Upon receiving a copy of Roberto Piazza’s new book, I was immediately intrigued by the title, *Statistical Physics: A Prelude and Fugue for Engineers*. I have to admit that the whimsy of the title evinced a slight suspicion that Piazza’s treatment of a deep scientific topic might be given over to periodic flights of fancy. But, as the saying goes, you shouldn’t judge a book by its cover, and, happily, I found my worries were not realized.

Johann Sebastian Bach was a master of counterpoint, a compositional technique that weaves together interdependent voices. The intricate music that emerges is characterized by an unmistakable economy of form. Piazza’s treatment of statistical physics is also frugal in the best sense of that word. The book is billed as a text that will meet the needs of graduate students in chemical, mechanical, and materials science engineering, and it succeeds in that objective.

*Statistical Physics* begins with a discussion of classical thermodynamics followed by an introduction to the fundamental ideas behind statistical thermodynamics. It then builds to an exploration of quantum statistics. The transition from one section to another is natural and unlabored. Piazza’s analyses are comprehensive and entertaining, yet they remain uncluttered, and they prompt serious reflection. Interspersed throughout the book are frequent anecdotal asides featuring Ludwig Boltzmann, James Clerk Maxwell, Sadi Carnot, Lord Kelvin, and other distinguished historical figures in the field. To repeat an oft-stated aphorism, they are the giants on whose shoulders all statistical physicists stand.
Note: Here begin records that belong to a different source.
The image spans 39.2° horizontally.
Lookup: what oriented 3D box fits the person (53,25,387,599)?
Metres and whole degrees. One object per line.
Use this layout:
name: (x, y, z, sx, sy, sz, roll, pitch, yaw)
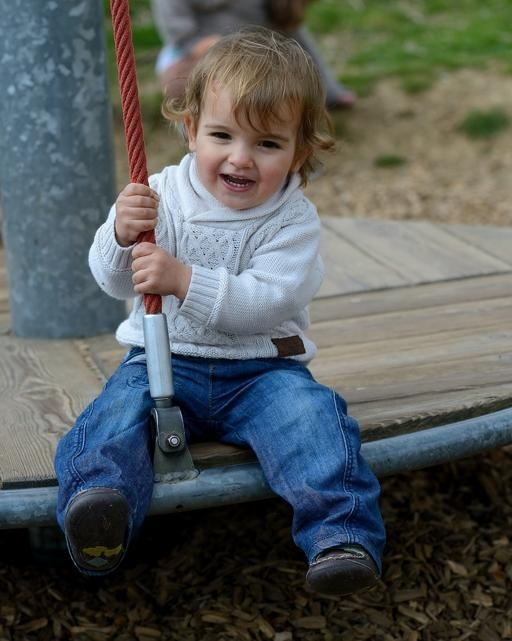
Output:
person: (-0.040, -0.055, 1.040, 0.444, 0.630, 0.696, 2, 30, -2)
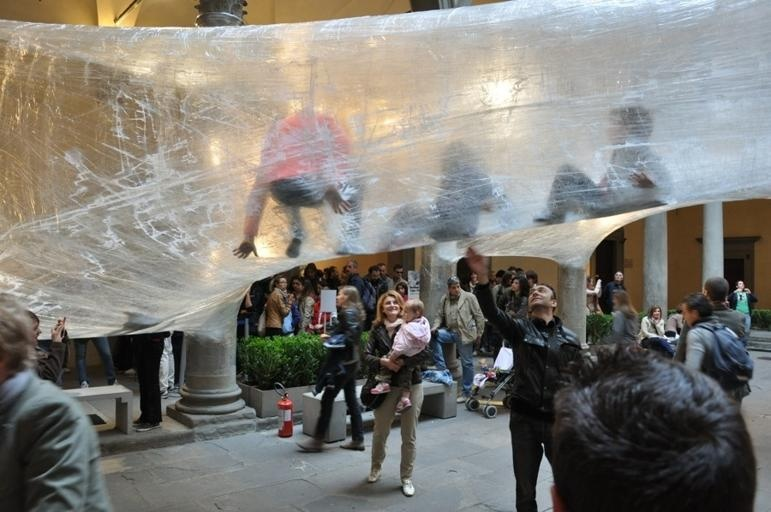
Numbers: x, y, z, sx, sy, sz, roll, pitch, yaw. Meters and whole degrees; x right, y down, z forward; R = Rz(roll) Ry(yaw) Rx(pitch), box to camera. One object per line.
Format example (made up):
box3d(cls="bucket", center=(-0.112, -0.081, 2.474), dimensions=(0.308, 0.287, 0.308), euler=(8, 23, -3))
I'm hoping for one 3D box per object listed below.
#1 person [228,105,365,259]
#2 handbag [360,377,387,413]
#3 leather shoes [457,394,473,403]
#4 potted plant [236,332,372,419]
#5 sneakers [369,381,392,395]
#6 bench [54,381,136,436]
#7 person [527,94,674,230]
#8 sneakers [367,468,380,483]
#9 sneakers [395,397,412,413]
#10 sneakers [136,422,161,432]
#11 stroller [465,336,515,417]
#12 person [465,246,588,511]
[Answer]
box3d(cls="person", center=(-0.563, -0.590, 4.539), dimensions=(0.918, 1.184, 0.773), euler=(-4, -10, 16))
box3d(cls="handbag", center=(-0.112, 1.448, 6.457), dimensions=(0.344, 0.197, 0.321), euler=(-6, -30, -29))
box3d(cls="leather shoes", center=(1.224, 2.248, 9.759), dimensions=(0.339, 0.131, 0.112), euler=(9, -13, -37))
box3d(cls="potted plant", center=(-1.505, 1.686, 9.266), dimensions=(1.171, 0.624, 1.466), euler=(-4, 3, 2))
box3d(cls="sneakers", center=(-0.050, 1.375, 6.407), dimensions=(0.210, 0.086, 0.093), euler=(1, -4, -10))
box3d(cls="bench", center=(-3.430, 2.020, 7.715), dimensions=(0.963, 0.542, 0.502), euler=(-8, -23, 18))
box3d(cls="person", center=(1.515, -0.622, 4.331), dimensions=(0.974, 0.719, 0.688), euler=(-5, -4, 22))
box3d(cls="sneakers", center=(-0.122, 2.276, 6.513), dimensions=(0.140, 0.142, 0.272), euler=(0, 4, 2))
box3d(cls="sneakers", center=(0.173, 1.538, 6.394), dimensions=(0.096, 0.102, 0.218), euler=(-12, -16, -45))
box3d(cls="sneakers", center=(-2.992, 2.128, 7.742), dimensions=(0.275, 0.096, 0.095), euler=(10, -9, -29))
box3d(cls="stroller", center=(1.638, 1.813, 9.077), dimensions=(0.844, 0.887, 0.589), euler=(-5, -6, -23))
box3d(cls="person", center=(1.125, 0.902, 4.815), dimensions=(0.948, 1.958, 0.652), euler=(-4, 6, -40))
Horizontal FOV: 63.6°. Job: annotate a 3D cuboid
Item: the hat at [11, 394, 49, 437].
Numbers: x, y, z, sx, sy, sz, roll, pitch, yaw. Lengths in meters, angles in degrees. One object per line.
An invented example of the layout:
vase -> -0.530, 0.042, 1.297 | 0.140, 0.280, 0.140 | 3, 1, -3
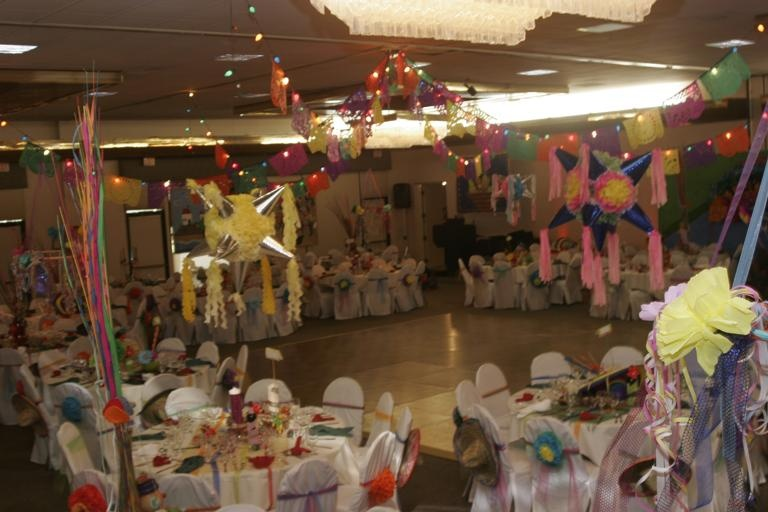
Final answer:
hat -> -3.873, 1.737, 6.777 | 0.560, 0.435, 0.185 | 4, 11, 42

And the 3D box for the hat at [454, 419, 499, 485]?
hat -> 0.747, 1.583, 5.061 | 0.232, 0.510, 0.388 | -17, -18, -20
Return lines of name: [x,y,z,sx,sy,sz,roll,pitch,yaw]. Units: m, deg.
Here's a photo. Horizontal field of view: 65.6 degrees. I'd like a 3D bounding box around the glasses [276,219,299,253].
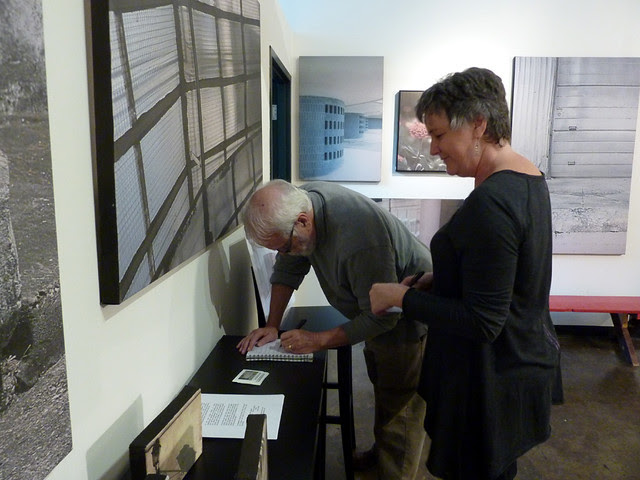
glasses: [-0.124,-0.017,1.984,0.027,0.112,0.101,19,-22,-20]
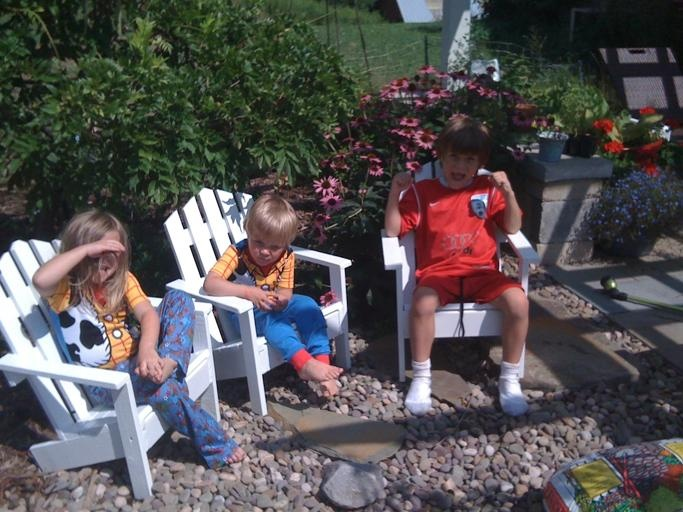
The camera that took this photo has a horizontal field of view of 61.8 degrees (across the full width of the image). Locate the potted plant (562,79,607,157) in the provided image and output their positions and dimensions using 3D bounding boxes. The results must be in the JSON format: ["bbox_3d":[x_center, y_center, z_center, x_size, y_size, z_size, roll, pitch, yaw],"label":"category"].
[{"bbox_3d":[2.103,-1.176,4.935,0.389,0.471,1.035,11,29,19],"label":"potted plant"}]

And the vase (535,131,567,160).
[{"bbox_3d":[1.656,-0.854,4.527,0.218,0.183,0.215,12,23,18],"label":"vase"}]

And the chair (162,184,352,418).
[{"bbox_3d":[-0.523,0.297,3.396,0.795,1.090,0.792,29,39,34],"label":"chair"}]

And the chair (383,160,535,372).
[{"bbox_3d":[0.612,0.194,3.786,1.082,1.511,1.068,-3,33,1],"label":"chair"}]

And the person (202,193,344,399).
[{"bbox_3d":[-0.345,0.218,3.210,0.698,0.793,1.092,-6,28,-34],"label":"person"}]
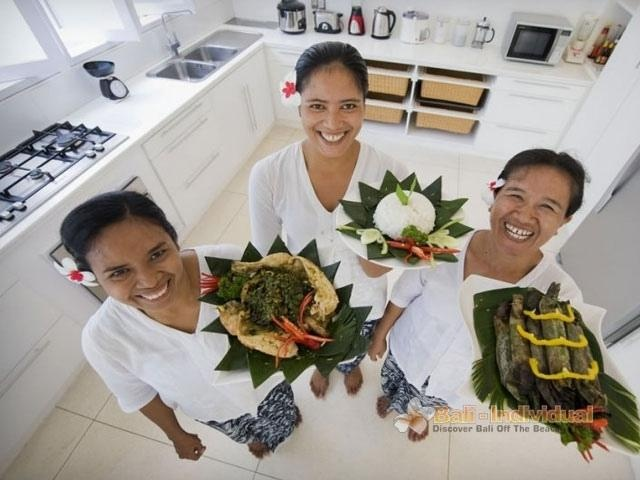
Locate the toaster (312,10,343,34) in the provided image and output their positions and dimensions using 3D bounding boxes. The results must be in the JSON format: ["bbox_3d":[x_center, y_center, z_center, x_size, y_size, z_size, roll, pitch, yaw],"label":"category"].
[{"bbox_3d":[0.084,-2.411,4.374,0.328,0.211,0.259,1,39,6],"label":"toaster"}]

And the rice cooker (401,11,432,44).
[{"bbox_3d":[0.992,-2.212,4.130,0.294,0.263,0.318,6,39,12],"label":"rice cooker"}]

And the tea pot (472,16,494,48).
[{"bbox_3d":[1.665,-2.098,4.012,0.207,0.250,0.239,12,41,19],"label":"tea pot"}]

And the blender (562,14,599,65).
[{"bbox_3d":[2.476,-1.879,3.820,0.214,0.469,0.200,19,43,19],"label":"blender"}]

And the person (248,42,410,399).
[{"bbox_3d":[-0.033,-0.083,2.620,0.859,2.124,0.901,5,34,-7],"label":"person"}]

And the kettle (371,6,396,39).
[{"bbox_3d":[0.654,-2.251,4.123,0.235,0.301,0.293,2,39,7],"label":"kettle"}]

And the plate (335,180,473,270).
[{"bbox_3d":[0.420,-0.131,2.003,0.660,0.244,0.570,3,39,8],"label":"plate"}]

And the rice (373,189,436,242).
[{"bbox_3d":[0.422,-0.139,1.995,0.251,0.091,0.267,-20,53,-7],"label":"rice"}]
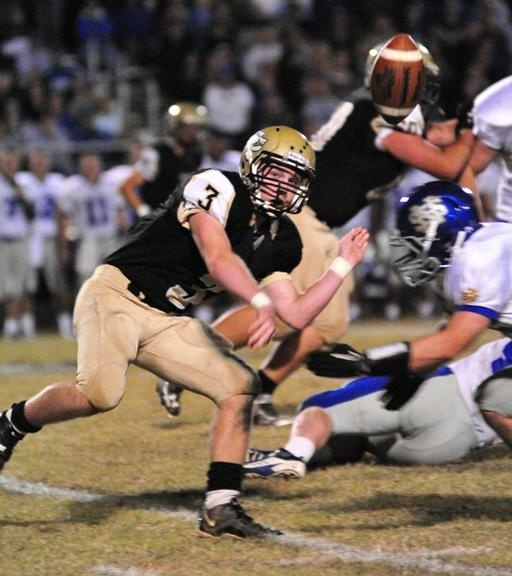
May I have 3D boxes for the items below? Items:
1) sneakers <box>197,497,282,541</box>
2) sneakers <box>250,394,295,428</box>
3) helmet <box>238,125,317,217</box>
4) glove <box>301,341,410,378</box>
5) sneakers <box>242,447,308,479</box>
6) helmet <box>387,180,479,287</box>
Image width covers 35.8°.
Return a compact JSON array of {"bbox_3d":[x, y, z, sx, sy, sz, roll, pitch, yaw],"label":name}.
[{"bbox_3d":[-0.034,0.718,2.476,0.291,0.099,0.088,-6,-15,24],"label":"sneakers"},{"bbox_3d":[0.087,0.629,4.046,0.214,0.163,0.160,13,23,2],"label":"sneakers"},{"bbox_3d":[0.063,-0.432,2.825,0.253,0.240,0.289,16,8,-35],"label":"helmet"},{"bbox_3d":[0.330,0.245,2.677,0.312,0.082,0.130,-4,-14,9],"label":"glove"},{"bbox_3d":[0.014,0.632,2.876,0.317,0.097,0.095,3,-11,14],"label":"sneakers"},{"bbox_3d":[0.666,-0.216,2.955,0.450,0.313,0.306,-8,1,17],"label":"helmet"}]
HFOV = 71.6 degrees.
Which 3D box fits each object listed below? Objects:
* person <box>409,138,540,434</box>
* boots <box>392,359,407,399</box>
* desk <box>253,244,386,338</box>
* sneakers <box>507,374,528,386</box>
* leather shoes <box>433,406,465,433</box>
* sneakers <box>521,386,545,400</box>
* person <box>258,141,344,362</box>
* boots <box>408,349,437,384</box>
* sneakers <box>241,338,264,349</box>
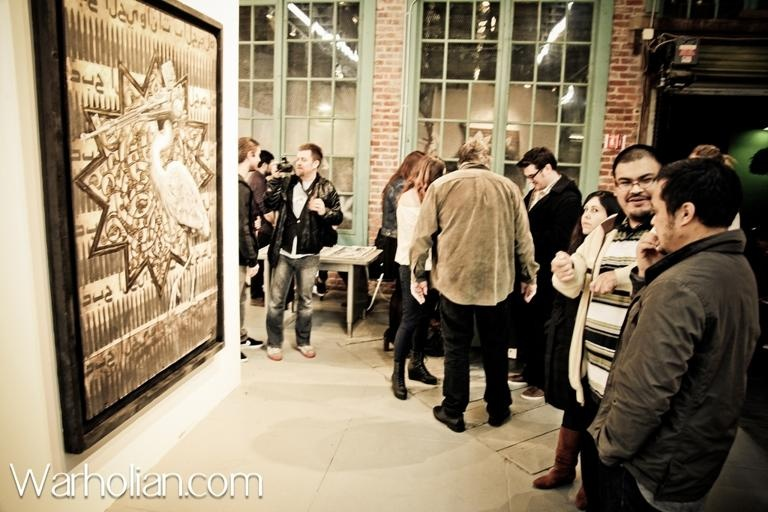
[{"bbox_3d":[0.655,0.226,3.974,0.937,2.102,0.610,5,15,10],"label":"person"},{"bbox_3d":[0.130,1.031,4.447,0.112,0.257,0.310,2,14,-13],"label":"boots"},{"bbox_3d":[-0.636,0.102,6.146,1.475,1.018,0.993,4,14,17],"label":"desk"},{"bbox_3d":[1.194,1.127,4.782,0.231,0.090,0.083,5,4,6],"label":"sneakers"},{"bbox_3d":[0.492,1.239,4.054,0.105,0.120,0.303,-4,15,-29],"label":"leather shoes"},{"bbox_3d":[1.262,1.168,4.503,0.195,0.074,0.093,3,0,-24],"label":"sneakers"},{"bbox_3d":[-0.762,-0.024,4.991,0.679,2.003,0.409,-1,15,-13],"label":"person"},{"bbox_3d":[0.356,1.001,4.745,0.319,0.245,0.135,4,2,39],"label":"boots"},{"bbox_3d":[-1.317,0.877,5.319,0.212,0.088,0.084,1,7,-9],"label":"sneakers"}]
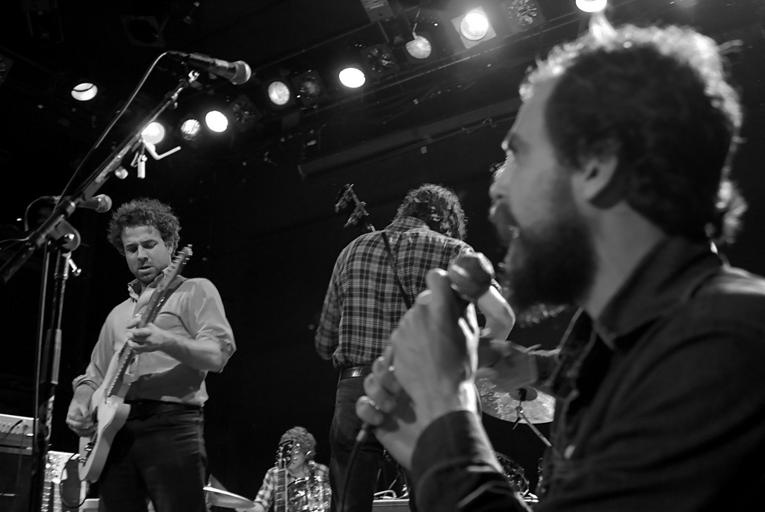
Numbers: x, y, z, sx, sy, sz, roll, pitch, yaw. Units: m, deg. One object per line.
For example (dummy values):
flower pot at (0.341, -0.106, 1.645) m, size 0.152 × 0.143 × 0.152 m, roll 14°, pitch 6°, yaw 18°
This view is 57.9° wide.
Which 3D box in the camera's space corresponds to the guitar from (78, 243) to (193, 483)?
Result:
guitar at (-1.419, 0.596, 3.917) m, size 0.246 × 1.332 × 0.713 m, roll 20°, pitch -35°, yaw -22°
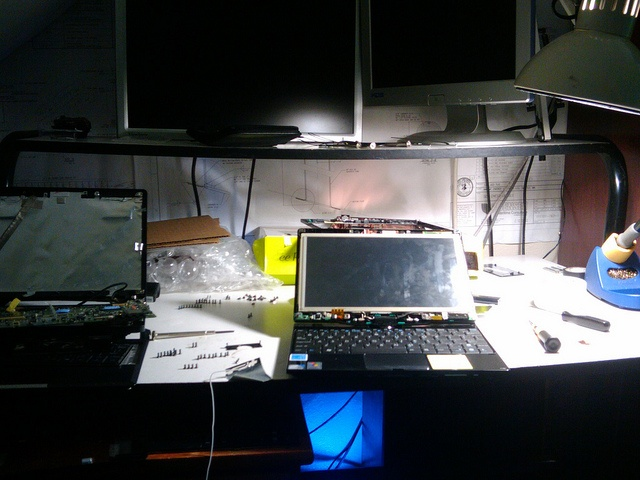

The classical thermodynamics of the first two chapters covers standard fare, including the first, second, and third laws; reversibility; the Clausius theorem; free energy; and the Gibbs paradox. The discussion of entropy and its significance is particularly well done. In many introductory texts, that classical material is not given the subtle treatment it deserves and, in my experience, leaves students wondering just what all the fuss is about. Piazza manages to avoid that pitfall. I would, however, have liked to see Legendre transforms discussed, since without them students may wonder just how enthalpy and the Helmholtz and Gibbs free-energy expressions seem to appear out of thin air. As is the case throughout the text, Piazza’s little discursions from the main topic are often illuminating. A good example is the discussion on page 28 of the relationship between speed and irreversibility in an idealized heat engine.

The middle part of the book, chapters 3–5, applies the basic tenets of statistical physics to build important models that include the van der Waals equation of state, the Einstein model for the specific heat of a solid, and the Debye–Hückel equation. In many other texts, the material is discussed with an intimidating formalism that hides the underlying concepts and forces students to struggle with the mathematics instead of spending time reflecting on the often enigmatic nature of the subject. Piazza, however, encourages students to both master the mathematics and grapple with the subject’s fundamental principles.

In chapter 3, for example, the material moves seamlessly from the canonical distribution function to the application of that function to simple classical and quantum systems, including paramagnetic systems. The well-done discussion of the inconsistency between the predictions of the Einstein model and experimental data for specific heat close to absolute zero temperature is interspersed with intermezzos of delightful anecdotes about the work of earlier scientific pioneers.

Chapters 4 and 5 cover the application of statistical physics to fluids and ferromagnetic systems. The material is standard, but the author’s treatment is refreshing. It includes a simple exposition that uses the classical partition function to derive the van der Waals equation of state along with more sophisticated discussions of, among other things, the Poisson–Boltzmann equation, critical phenomena in the Landau–Ginzburg model, and elementary considerations of the renormalization-group approach. Chapter 6 belatedly introduces the grand canonical ensemble and its application to adsorption and colloids. It is the skimpiest part of the book, an interlude, before chapter 7, which focuses on quantum phenomena like Bose–Einstein condensation and superfluidity. Once again, the material, which will be especially useful to students of materials science engineering, is covered in many books, but the author’s presentation is excellent.

Piazza’s book is a welcome addition to the statistical-physics canon. There are no sample problems to hone one’s understanding of the material, however, so for a fuller appreciation of the book, I recommend that students first practice their scales by completing introductory courses in thermodynamics and quantum mechanics. Once that is achieved, Piazza’s choice of material and his lucid presentation of abstract, sometimes difficult concepts will make for instructive and enjoyable reading.

**Eldred Chimowitz** is a professor of chemical engineering at the University of Rochester. He is the author of *Introduction to Critical Phenomena in Fluids* (Oxford University Press, 2005) and the novel *Between the Menorah and the Fever Tree* (CreateSpace, 2010).